US 12,296,265 B1
	Speech prosody prediction in video games
Kilol Gupta, Redwood City, CA (US); Zahra Shakeri, Newark, CA (US); Gordon Durity, Surrey (CA); Mohsen Sardari, Burlingame, CA (US); Harold Chaput, Castro Valley, CA (US); and Navid Aghdaie, San Jose, CA (US)
Assigned to ELECTRONIC ARTS INC., Redwood City, CA (US)
Filed by Electronic Arts Inc., Redwood City, CA (US)
Filed on Jan. 9, 2024, as Appl. No. 18/407,686.
Application 18/407,686 is a continuation of application No. 16/953,801, filed on Nov. 20, 2020, abandoned.
Int. Cl. A63F 13/54 (2014.01); G06F 3/16 (2006.01); G06N 3/08 (2023.01); G10L 13/02 (2013.01); G10L 19/04 (2013.01); G10L 25/30 (2013.01); G10L 25/51 (2013.01)

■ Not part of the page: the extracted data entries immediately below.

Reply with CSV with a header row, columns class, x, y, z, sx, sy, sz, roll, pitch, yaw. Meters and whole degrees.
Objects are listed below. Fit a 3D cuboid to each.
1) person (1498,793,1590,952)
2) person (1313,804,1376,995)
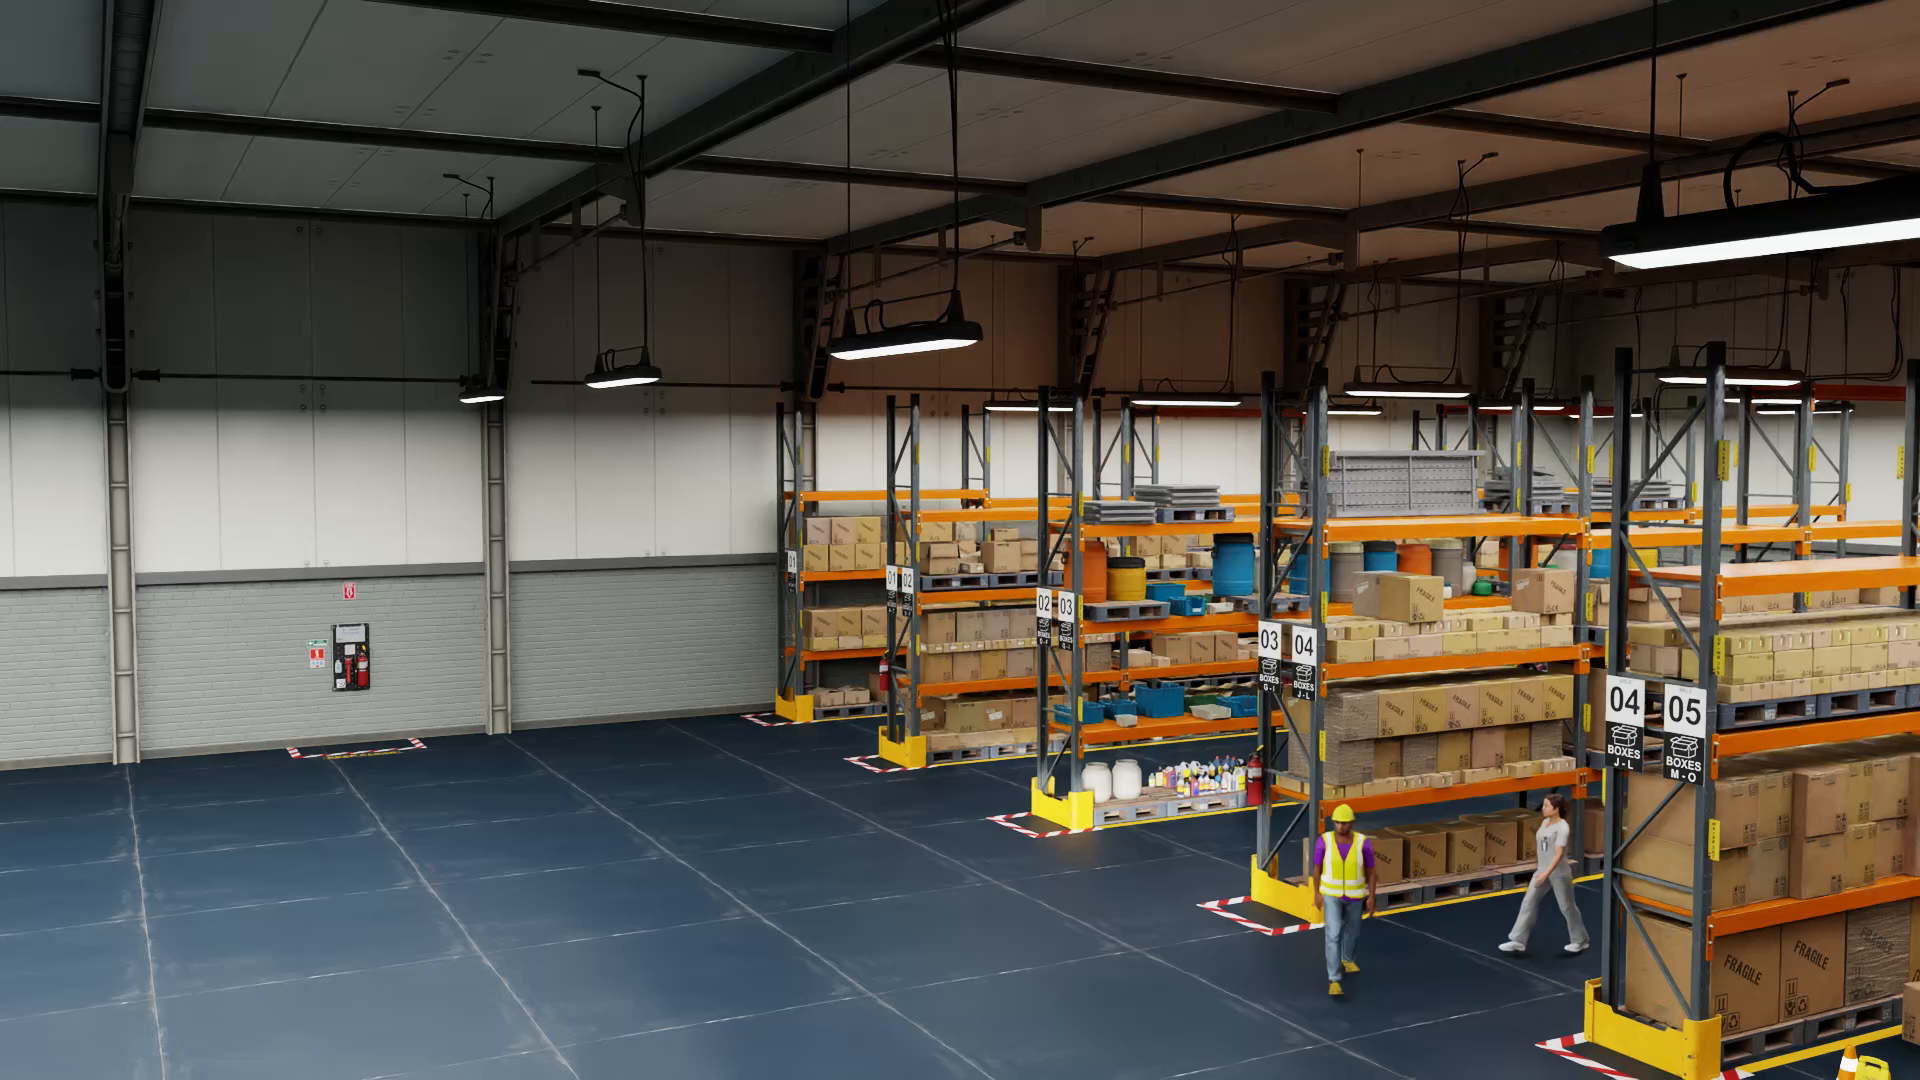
class,x,y,z,sx,sy,sz,roll,pitch,yaw
person,5.943,3.374,16.857,0.977,1.616,0.457,-1,3,-16
person,3.675,3.395,15.877,0.580,1.731,0.971,0,3,9

CPC A63F 13/54 (2014.09) [G06F 3/16 (2013.01); G06N 3/08 (2013.01); G10L 13/02 (2013.01); G10L 19/04 (2013.01); G10L 25/30 (2013.01); G10L 25/51 (2013.01); A63F 2300/6081 (2013.01)]

20 Claims

1. A computer-implemented method of generating context-dependent speech audio in a video game, the method comprising:

enabling, by at least one processor of a computing device, gameplay of the video game;

determining, by a video game engine of the video game on the at least one processor, an in-game event for which context-dependent speech audio is to be generated during the gameplay of the video game, wherein the in-game event includes an action performed by a character of the video game;

obtaining, by the video game engine of the video game, contextual information and speech content data relating to a current state of the gameplay;

requesting, by the video game engine of the video game, the context-dependent speech audio from a speech audio generator of the video game;

generating, by the speech audio generator responsive to the request, the context-dependent speech audio by:

inputting the contextual information relating to the current state of the gameplay into a prosody prediction model, wherein the prosody prediction model comprises a trained machine learning model which is configured to generate predicted prosodic features based on the contextual information;

generating, by the prosody prediction model, predicted prosodic features from the input contextual information;

inputting, into a speech audio generation model, input data comprising:

at least the predicted prosodic features; and

the speech content data relating to the current state of the gameplay;

generating, using one or more encoders of the speech audio generation model, an encoded representation of the speech content data dependent on the predicted prosodic features;

decoding, using a decoder of the speech audio generation model, the encoded representation to generate the context-dependent speech audio; and

causing, by the video game engine of the video game, the context-dependent speech audio that matches the current state of the video game to be played among the gameplay of the in-game event.